Henri Poincaré (1902) daba los primeros pasos para flexibilizar el a priori kantiano,

conservando su función constitutiva pero sin comprometerse con una discutidísima

apodicticidad.

Estas ideas de Poincaré, reflejan un punto de vista que ha sido el

denominador común de los diferentes enfoques con los que se ha estudiado el

problema del a priori.

Por supuesto que no se trata de acomodar las características de un

concepto (en este caso, el a priori) ante cada exigencia empírica. Liberado del

lastre de “válido para siempre”, esta idea kantiana ha contado con la aceptación y

encomio de diversos pensadores (Poincaré, Einstein, Reichenbach, Arthur Pap, C.

I. Lewis, H. I. Brown, Michael Friedman, entre otros).
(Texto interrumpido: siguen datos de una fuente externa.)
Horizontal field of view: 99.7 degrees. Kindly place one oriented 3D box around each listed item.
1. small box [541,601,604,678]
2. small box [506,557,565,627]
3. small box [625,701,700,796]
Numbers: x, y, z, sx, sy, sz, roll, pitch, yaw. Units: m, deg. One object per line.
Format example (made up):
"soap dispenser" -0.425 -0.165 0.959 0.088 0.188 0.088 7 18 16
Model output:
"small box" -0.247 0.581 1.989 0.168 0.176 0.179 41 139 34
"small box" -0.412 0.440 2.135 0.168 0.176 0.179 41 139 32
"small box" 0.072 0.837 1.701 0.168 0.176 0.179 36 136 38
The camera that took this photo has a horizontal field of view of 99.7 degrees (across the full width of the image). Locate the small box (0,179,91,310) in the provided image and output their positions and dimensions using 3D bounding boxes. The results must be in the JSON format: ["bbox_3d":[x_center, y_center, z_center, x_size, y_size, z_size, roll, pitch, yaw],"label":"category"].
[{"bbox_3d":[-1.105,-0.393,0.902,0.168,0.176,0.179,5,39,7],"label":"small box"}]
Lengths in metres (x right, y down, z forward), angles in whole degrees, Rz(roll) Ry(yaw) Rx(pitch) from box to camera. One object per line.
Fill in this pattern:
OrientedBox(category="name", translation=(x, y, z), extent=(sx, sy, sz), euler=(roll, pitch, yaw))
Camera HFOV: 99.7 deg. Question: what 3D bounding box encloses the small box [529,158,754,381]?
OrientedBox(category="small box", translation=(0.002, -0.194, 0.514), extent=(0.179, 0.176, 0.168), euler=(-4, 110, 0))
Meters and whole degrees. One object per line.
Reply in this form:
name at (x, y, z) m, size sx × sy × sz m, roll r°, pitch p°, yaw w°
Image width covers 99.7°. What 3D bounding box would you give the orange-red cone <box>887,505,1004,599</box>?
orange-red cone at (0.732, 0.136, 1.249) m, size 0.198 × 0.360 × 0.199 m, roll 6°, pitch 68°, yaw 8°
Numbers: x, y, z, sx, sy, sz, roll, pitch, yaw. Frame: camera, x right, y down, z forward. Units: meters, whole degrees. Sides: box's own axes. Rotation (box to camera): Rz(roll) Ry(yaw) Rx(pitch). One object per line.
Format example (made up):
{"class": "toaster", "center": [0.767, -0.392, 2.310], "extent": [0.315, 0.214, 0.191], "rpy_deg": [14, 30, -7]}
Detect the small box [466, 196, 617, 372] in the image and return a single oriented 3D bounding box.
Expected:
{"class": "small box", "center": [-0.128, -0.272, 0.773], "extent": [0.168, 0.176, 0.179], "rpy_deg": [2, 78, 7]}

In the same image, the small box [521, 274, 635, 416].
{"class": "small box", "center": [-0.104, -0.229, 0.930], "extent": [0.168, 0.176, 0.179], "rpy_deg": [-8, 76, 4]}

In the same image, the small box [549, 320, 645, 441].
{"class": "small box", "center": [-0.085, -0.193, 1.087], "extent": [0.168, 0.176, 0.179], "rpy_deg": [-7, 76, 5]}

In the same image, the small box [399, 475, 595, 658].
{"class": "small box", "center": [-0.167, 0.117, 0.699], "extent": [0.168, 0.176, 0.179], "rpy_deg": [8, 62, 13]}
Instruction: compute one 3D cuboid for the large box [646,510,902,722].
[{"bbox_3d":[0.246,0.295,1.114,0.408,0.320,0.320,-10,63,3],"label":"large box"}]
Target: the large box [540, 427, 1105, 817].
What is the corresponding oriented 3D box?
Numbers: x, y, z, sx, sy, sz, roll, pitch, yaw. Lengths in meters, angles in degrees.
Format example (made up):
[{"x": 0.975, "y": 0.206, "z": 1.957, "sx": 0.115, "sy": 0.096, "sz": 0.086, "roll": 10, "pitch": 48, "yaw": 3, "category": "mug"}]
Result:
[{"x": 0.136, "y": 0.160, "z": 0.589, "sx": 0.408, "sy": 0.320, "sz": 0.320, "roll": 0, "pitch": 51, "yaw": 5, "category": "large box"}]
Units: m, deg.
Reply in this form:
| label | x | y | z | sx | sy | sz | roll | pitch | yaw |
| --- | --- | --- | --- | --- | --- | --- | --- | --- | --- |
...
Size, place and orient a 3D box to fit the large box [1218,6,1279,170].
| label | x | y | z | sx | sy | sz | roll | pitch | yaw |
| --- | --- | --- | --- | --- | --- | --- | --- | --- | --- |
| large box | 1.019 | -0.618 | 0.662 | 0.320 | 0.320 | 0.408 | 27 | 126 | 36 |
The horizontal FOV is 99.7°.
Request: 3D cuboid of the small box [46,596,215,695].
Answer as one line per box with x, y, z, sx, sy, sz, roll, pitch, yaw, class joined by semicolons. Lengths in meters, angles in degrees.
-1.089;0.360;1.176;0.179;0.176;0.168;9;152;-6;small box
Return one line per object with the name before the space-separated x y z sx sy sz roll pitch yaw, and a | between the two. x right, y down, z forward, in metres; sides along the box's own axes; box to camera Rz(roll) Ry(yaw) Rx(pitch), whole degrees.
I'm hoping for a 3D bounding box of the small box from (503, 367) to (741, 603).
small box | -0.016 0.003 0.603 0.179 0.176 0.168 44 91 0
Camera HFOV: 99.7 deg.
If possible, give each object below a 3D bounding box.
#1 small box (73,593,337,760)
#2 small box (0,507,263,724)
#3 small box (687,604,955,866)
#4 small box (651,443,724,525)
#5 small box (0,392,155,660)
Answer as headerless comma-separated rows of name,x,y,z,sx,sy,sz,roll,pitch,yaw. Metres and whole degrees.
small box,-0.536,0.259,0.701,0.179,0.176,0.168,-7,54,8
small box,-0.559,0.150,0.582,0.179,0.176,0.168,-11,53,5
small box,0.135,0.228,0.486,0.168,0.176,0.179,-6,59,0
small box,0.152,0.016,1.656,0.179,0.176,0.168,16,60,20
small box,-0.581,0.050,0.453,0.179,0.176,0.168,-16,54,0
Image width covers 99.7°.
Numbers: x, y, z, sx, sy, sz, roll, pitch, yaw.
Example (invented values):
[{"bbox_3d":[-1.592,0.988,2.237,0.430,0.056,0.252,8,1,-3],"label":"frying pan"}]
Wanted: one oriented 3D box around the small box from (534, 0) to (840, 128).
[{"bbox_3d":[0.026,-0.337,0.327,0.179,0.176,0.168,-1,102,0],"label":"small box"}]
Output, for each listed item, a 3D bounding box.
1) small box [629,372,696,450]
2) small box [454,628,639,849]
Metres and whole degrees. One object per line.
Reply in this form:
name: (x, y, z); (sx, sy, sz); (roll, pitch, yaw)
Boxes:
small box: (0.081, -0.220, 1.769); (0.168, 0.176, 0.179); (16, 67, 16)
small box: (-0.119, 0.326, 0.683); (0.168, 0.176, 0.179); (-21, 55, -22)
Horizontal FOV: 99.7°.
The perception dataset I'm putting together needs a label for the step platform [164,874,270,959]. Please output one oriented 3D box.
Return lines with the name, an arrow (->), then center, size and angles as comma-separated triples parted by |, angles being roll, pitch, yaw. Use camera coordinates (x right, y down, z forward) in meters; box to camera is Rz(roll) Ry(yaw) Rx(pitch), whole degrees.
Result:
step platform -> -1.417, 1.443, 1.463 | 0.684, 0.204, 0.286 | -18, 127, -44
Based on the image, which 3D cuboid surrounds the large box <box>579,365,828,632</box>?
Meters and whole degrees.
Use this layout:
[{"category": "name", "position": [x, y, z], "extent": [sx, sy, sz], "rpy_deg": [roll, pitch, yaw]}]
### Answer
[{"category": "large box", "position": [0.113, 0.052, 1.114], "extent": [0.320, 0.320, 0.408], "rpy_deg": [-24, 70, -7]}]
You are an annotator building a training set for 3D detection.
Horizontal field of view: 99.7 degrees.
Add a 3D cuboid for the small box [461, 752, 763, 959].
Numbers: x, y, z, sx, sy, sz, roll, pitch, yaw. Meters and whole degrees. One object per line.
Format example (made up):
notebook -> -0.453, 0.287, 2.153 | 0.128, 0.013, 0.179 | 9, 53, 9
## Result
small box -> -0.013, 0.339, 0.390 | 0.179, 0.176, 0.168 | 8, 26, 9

En particular, Hans

Reichenbach (1921), llegó a calificar de logro filosófico eminente la idea de función

constitutiva del a priori, muy superior a la idea humeana de hábito.

Para C. I. Lewis (1929), los sistemas categoriales son necesarios en el

sentido en que legislan sobre el sujeto y no sobre la realidad en forma directa.

Siendo independiente de la experiencia, lo a priori no impone nada a la

experiencia, pero tiene carácter legislativo respecto de la actitud cognitiva del


sujeto. Es una constricción impuesta al sujeto y surgida de una libre elección. Este

es el elemento pragmático que introduce C. I. Lewis en la esfera del conocimiento.